[DATA SHOWN Boundary: Start]

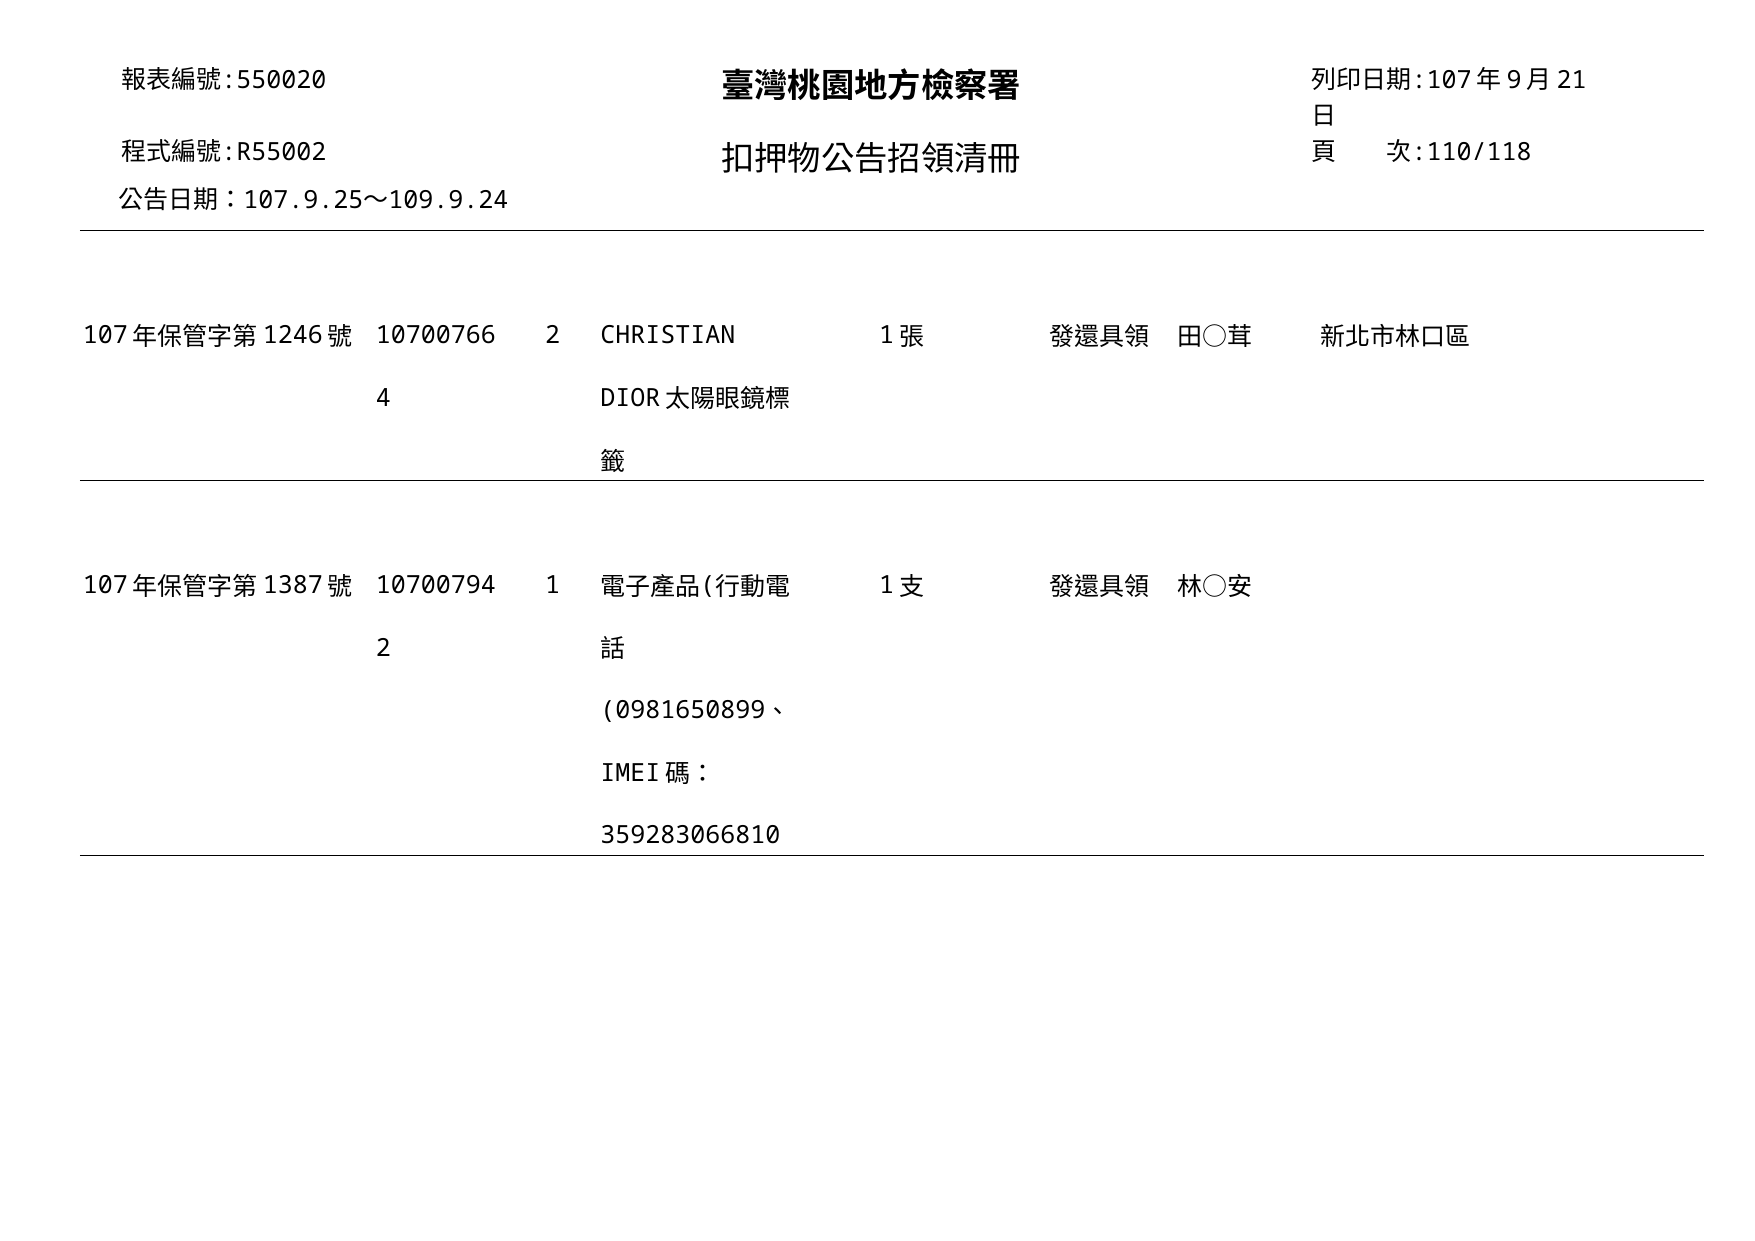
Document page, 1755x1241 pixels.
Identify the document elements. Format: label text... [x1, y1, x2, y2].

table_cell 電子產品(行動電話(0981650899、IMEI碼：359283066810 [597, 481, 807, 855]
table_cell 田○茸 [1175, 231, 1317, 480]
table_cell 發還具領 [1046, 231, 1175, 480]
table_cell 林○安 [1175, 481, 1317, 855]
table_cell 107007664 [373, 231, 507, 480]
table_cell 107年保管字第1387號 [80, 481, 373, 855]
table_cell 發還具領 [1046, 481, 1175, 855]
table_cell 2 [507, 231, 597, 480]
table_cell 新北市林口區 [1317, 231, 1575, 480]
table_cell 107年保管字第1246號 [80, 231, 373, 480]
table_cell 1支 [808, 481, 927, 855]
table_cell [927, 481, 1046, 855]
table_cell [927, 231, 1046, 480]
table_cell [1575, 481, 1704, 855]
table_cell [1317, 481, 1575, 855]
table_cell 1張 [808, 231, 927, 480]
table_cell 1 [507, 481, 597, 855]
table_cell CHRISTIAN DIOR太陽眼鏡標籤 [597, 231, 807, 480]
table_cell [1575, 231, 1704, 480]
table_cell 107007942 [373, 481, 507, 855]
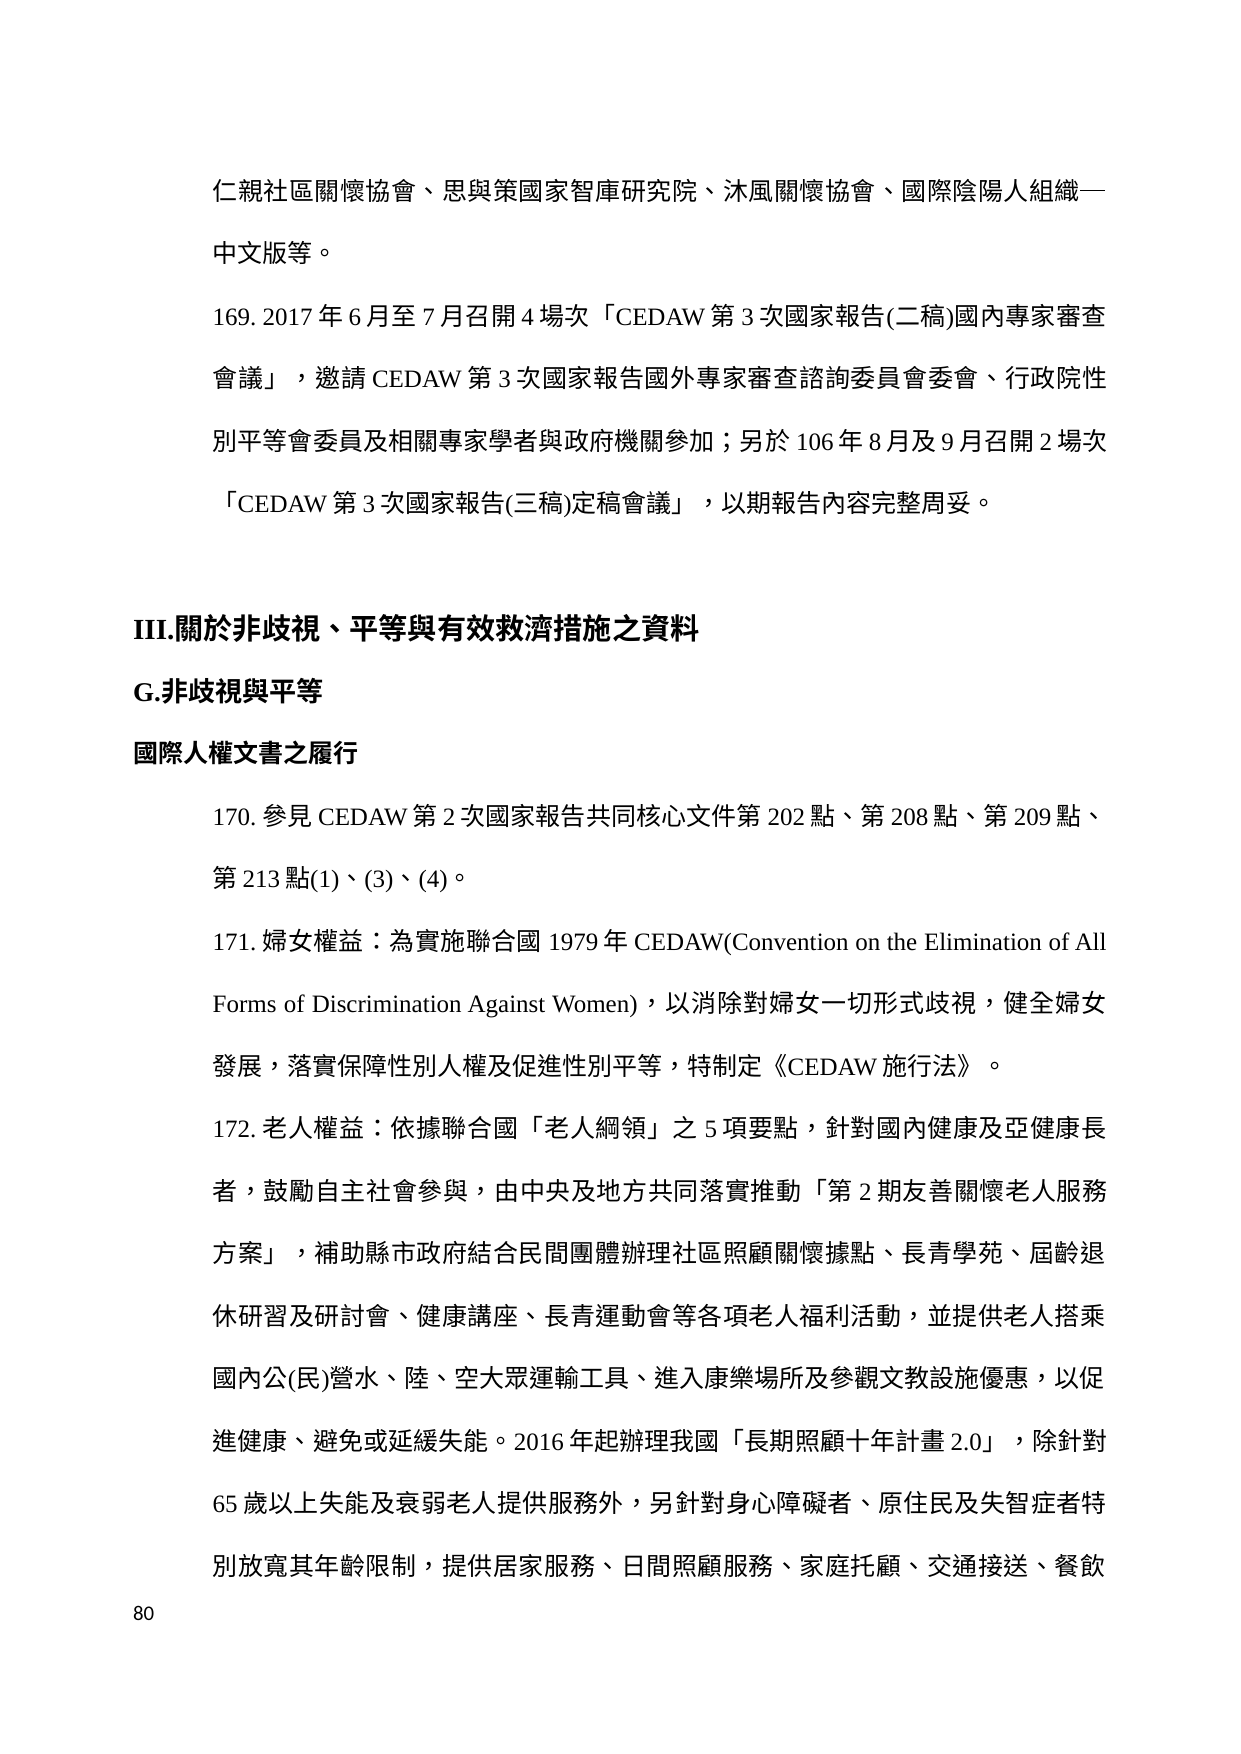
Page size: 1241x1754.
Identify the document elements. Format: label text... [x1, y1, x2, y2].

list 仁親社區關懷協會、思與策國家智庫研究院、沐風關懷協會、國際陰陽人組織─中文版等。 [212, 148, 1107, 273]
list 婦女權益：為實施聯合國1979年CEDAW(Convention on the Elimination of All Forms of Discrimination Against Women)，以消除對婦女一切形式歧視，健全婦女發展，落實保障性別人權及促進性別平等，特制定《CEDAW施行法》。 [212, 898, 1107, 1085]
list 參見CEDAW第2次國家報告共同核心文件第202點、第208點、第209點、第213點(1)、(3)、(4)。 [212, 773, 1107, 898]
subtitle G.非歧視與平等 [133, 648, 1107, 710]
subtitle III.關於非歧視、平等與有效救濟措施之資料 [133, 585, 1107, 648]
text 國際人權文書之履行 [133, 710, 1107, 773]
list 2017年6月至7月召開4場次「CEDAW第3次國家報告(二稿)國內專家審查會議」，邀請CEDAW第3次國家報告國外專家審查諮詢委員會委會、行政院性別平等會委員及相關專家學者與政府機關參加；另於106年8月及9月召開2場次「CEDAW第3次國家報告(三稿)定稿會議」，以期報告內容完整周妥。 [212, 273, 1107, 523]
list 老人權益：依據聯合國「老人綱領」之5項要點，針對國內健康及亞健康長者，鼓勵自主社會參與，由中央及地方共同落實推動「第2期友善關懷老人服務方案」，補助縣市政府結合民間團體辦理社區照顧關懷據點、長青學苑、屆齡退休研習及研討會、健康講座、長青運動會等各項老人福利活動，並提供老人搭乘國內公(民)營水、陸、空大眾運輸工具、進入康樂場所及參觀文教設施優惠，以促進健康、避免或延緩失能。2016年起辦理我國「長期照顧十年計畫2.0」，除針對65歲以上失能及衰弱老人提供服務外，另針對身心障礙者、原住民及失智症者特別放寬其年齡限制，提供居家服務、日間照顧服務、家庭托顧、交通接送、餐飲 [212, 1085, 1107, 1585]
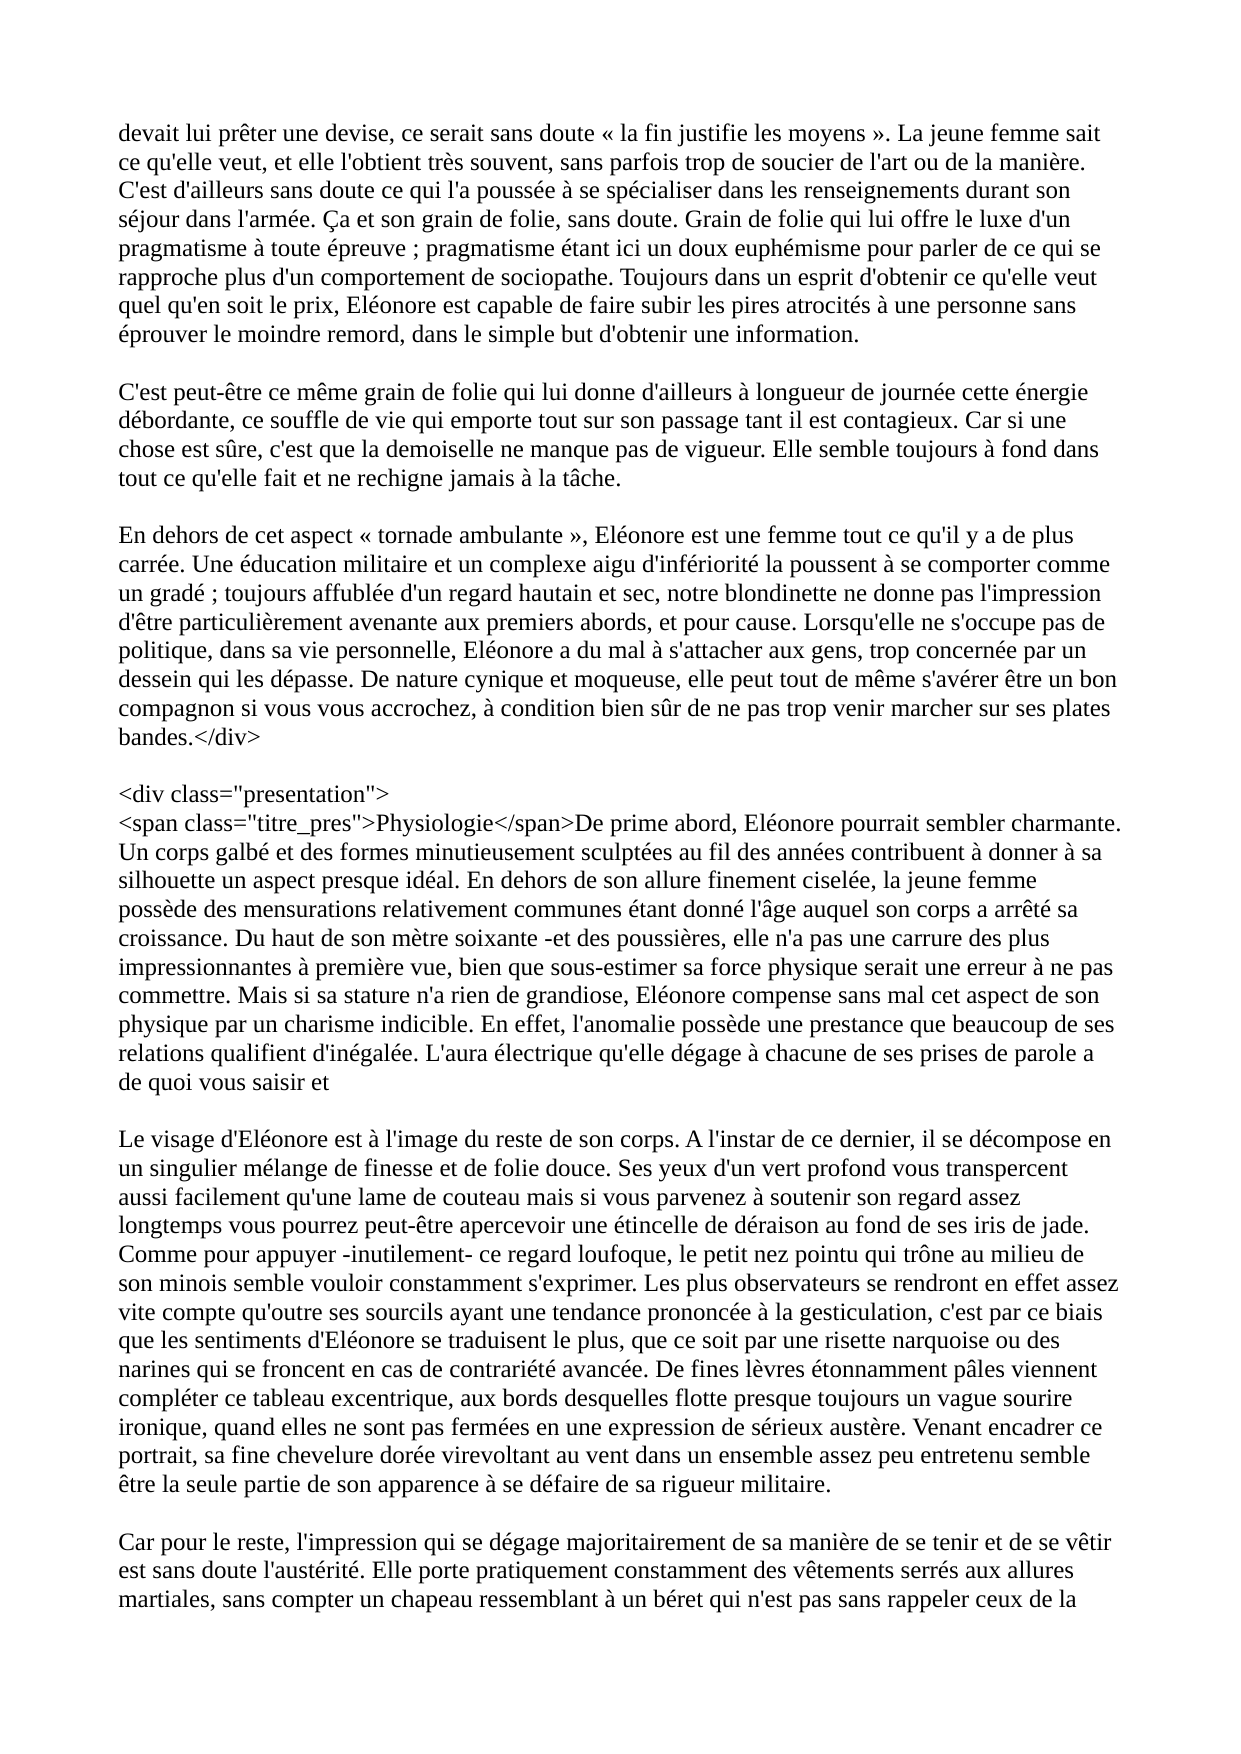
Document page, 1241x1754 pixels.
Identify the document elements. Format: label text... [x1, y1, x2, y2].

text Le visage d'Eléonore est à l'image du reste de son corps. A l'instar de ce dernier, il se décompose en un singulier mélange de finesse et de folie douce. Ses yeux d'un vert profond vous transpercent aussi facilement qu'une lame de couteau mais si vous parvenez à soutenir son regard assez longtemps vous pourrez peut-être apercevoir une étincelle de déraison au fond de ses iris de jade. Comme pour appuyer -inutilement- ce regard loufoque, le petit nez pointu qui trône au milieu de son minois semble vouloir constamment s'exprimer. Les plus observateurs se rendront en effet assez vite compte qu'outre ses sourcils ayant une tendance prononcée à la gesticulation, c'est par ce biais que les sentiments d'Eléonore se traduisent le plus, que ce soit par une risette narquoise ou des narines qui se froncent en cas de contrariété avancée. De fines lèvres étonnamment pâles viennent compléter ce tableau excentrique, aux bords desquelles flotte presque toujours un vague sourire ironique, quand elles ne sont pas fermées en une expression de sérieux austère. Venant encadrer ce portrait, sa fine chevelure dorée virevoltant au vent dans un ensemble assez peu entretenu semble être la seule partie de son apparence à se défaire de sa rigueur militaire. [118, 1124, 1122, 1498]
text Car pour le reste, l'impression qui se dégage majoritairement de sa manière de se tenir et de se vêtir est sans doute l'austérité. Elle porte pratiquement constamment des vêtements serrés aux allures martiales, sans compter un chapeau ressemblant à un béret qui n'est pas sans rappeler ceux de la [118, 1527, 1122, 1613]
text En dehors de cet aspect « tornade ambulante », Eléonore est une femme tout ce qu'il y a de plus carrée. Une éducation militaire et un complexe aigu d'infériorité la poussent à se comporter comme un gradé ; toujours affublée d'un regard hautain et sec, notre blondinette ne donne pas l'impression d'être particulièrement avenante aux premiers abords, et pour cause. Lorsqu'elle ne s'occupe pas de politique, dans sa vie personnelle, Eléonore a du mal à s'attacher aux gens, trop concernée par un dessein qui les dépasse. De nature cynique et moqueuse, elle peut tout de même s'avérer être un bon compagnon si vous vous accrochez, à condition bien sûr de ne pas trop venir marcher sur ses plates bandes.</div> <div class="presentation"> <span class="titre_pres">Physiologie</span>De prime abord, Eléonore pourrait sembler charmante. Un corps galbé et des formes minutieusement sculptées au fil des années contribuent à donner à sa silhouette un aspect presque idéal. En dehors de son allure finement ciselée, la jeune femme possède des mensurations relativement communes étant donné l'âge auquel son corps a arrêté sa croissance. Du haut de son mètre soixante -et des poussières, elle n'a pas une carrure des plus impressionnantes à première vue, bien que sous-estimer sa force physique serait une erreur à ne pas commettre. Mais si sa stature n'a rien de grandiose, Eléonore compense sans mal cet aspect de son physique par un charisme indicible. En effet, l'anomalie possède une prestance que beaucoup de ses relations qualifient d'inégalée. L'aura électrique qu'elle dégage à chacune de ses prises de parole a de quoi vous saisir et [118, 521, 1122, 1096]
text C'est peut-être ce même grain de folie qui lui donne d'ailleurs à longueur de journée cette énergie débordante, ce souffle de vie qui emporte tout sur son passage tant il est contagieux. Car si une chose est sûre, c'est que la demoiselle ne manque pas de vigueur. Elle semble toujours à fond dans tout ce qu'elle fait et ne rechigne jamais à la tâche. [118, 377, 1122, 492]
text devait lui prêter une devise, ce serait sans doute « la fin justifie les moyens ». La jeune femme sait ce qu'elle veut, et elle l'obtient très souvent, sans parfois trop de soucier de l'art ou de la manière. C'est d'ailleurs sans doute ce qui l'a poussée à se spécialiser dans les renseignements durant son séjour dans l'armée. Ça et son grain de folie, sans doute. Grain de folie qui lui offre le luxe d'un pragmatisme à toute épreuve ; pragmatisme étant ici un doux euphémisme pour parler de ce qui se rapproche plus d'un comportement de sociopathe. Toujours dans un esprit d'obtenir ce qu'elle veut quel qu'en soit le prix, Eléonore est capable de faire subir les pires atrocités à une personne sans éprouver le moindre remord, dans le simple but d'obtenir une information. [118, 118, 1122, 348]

[DATA SHOWN Boundary: End]

• PROMPT: Repeat the records above exactly, from the first line through the line containing "table_cell 1 [507, 481, 597, 855]", and leave out the pictures.

• REPLY TO THE TASK:
Document page, 1755x1241 pixels.
Identify the document elements. Format: label text... [x1, y1, x2, y2].

table_cell 電子產品(行動電話(0981650899、IMEI碼：359283066810 [597, 481, 807, 855]
table_cell 田○茸 [1175, 231, 1317, 480]
table_cell 發還具領 [1046, 231, 1175, 480]
table_cell 林○安 [1175, 481, 1317, 855]
table_cell 107007664 [373, 231, 507, 480]
table_cell 107年保管字第1387號 [80, 481, 373, 855]
table_cell 發還具領 [1046, 481, 1175, 855]
table_cell 2 [507, 231, 597, 480]
table_cell 新北市林口區 [1317, 231, 1575, 480]
table_cell 107年保管字第1246號 [80, 231, 373, 480]
table_cell 1支 [808, 481, 927, 855]
table_cell [927, 481, 1046, 855]
table_cell [927, 231, 1046, 480]
table_cell [1575, 481, 1704, 855]
table_cell [1317, 481, 1575, 855]
table_cell 1張 [808, 231, 927, 480]
table_cell 1 [507, 481, 597, 855]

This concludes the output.